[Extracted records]
-------------------------

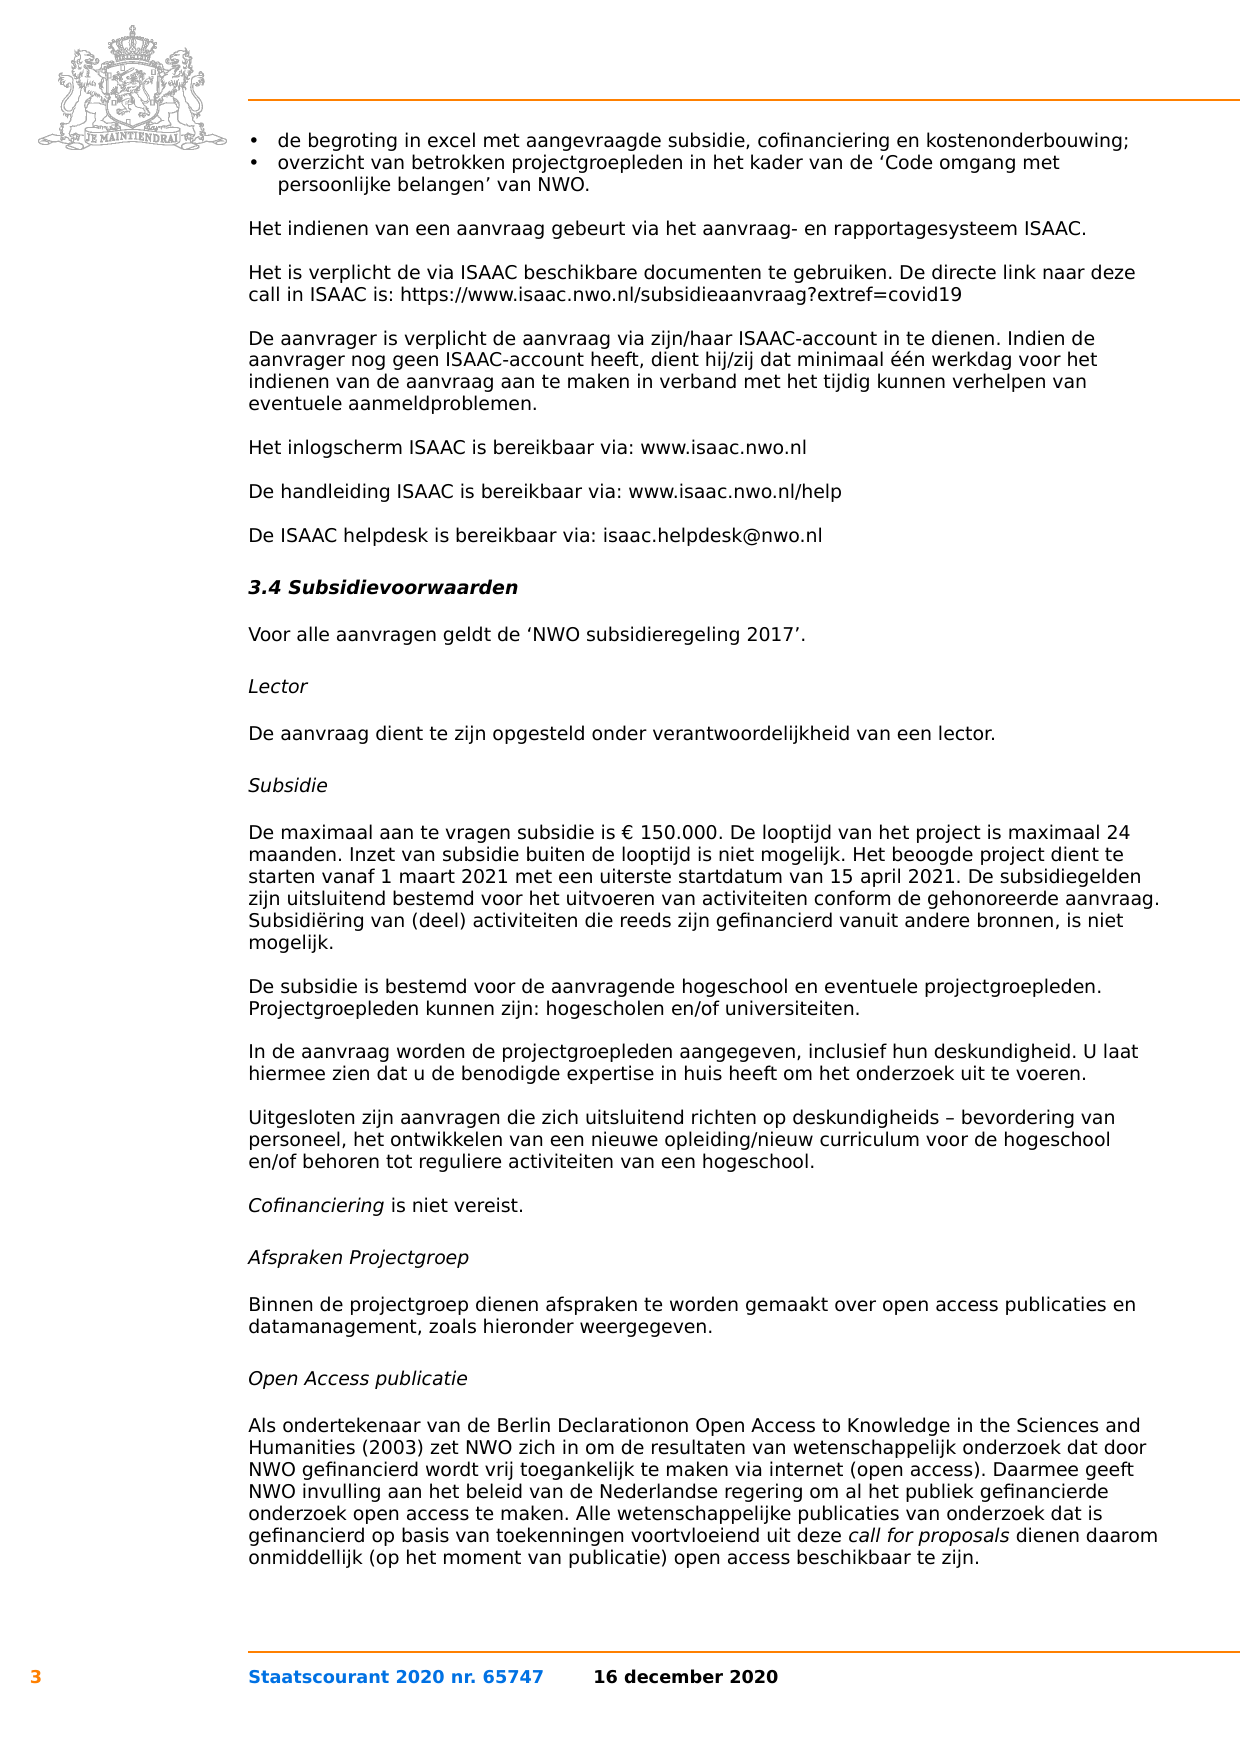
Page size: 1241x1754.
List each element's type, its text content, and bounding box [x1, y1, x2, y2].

text De aanvrager is verplicht de aanvraag via zijn/haar ISAAC-account in te dienen. Indien de aanvrager nog geen ISAAC-account heeft, dient hij/zij dat minimaal één werkdag voor het indienen van de aanvraag aan te maken in verband met het tijdig kunnen verhelpen van eventuele aanmeldproblemen. [248, 327, 1163, 415]
subtitle 3.4 Subsidievoorwaarden [248, 577, 1163, 599]
subtitle Open Access publicatie [248, 1368, 1163, 1390]
text Cofinanciering is niet vereist. [248, 1195, 1163, 1217]
text Als ondertekenaar van de Berlin Declarationon Open Access to Knowledge in the Sciences and Humanities (2003) zet NWO zich in om de resultaten van wetenschappelijk onderzoek dat door NWO gefinancierd wordt vrij toegankelijk te maken via internet (open access). Daarmee geeft NWO invulling aan het beleid van de Nederlandse regering om al het publiek gefinancierde onderzoek open access te maken. Alle wetenschappelijke publicaties van onderzoek dat is gefinancierd op basis van toekenningen voortvloeiend uit deze call for proposals dienen daarom onmiddellijk (op het moment van publicatie) open access beschikbaar te zijn. [248, 1415, 1163, 1569]
text • de begroting in excel met aangevraagde subsidie, cofinanciering en kostenonderbouwing; [248, 130, 1163, 152]
picture [38, 25, 227, 150]
text Binnen de projectgroep dienen afspraken te worden gemaakt over open access publicaties en datamanagement, zoals hieronder weergegeven. [248, 1294, 1163, 1338]
text Het inlogscherm ISAAC is bereikbaar via: www.isaac.nwo.nl [248, 437, 1163, 459]
text Het is verplicht de via ISAAC beschikbare documenten te gebruiken. De directe link naar deze call in ISAAC is: https://www.isaac.nwo.nl/subsidieaanvraag?extref=covid19 [248, 262, 1163, 306]
text In de aanvraag worden de projectgroepleden aangegeven, inclusief hun deskundigheid. U laat hiermee zien dat u de benodigde expertise in huis heeft om het onderzoek uit te voeren. [248, 1041, 1163, 1085]
subtitle Subsidie [248, 775, 1163, 797]
text Voor alle aanvragen geldt de ‘NWO subsidieregeling 2017’. [248, 624, 1163, 646]
subtitle Lector [248, 676, 1163, 698]
text De ISAAC helpdesk is bereikbaar via: isaac.helpdesk@nwo.nl [248, 525, 1163, 547]
text De aanvraag dient te zijn opgesteld onder verantwoordelijkheid van een lector. [248, 723, 1163, 745]
text Uitgesloten zijn aanvragen die zich uitsluitend richten op deskundigheids – bevordering van personeel, het ontwikkelen van een nieuwe opleiding/nieuw curriculum voor de hogeschool en/of behoren tot reguliere activiteiten van een hogeschool. [248, 1107, 1163, 1173]
text Het indienen van een aanvraag gebeurt via het aanvraag- en rapportagesysteem ISAAC. [248, 218, 1163, 240]
text De maximaal aan te vragen subsidie is € 150.000. De looptijd van het project is maximaal 24 maanden. Inzet van subsidie buiten de looptijd is niet mogelijk. Het beoogde project dient te starten vanaf 1 maart 2021 met een uiterste startdatum van 15 april 2021. De subsidiegelden zijn uitsluitend bestemd voor het uitvoeren van activiteiten conform de gehonoreerde aanvraag. Subsidiëring van (deel) activiteiten die reeds zijn gefinancierd vanuit andere bronnen, is niet mogelijk. [248, 822, 1163, 954]
subtitle Afspraken Projectgroep [248, 1247, 1163, 1269]
text De subsidie is bestemd voor de aanvragende hogeschool en eventuele projectgroepleden. Projectgroepleden kunnen zijn: hogescholen en/of universiteiten. [248, 976, 1163, 1019]
text • overzicht van betrokken projectgroepleden in het kader van de ‘Code omgang met persoonlijke belangen’ van NWO. [248, 152, 1163, 196]
text De handleiding ISAAC is bereikbaar via: www.isaac.nwo.nl/help [248, 481, 1163, 503]

-------------------------

→ **Your task**: Exact duplication is required for the lines above, from the line that contains "subtitle Lector [248, 676, 1163, 698]" to the line that contains "text De aanvraag", inclusive; omit all others.

→ **Answer box**:
subtitle Lector [248, 676, 1163, 698]
text De ISAAC helpdesk is bereikbaar via: isaac.helpdesk@nwo.nl [248, 525, 1163, 547]
text De aanvraag dient te zijn opgesteld onder verantwoordelijkheid van een lector. [248, 723, 1163, 745]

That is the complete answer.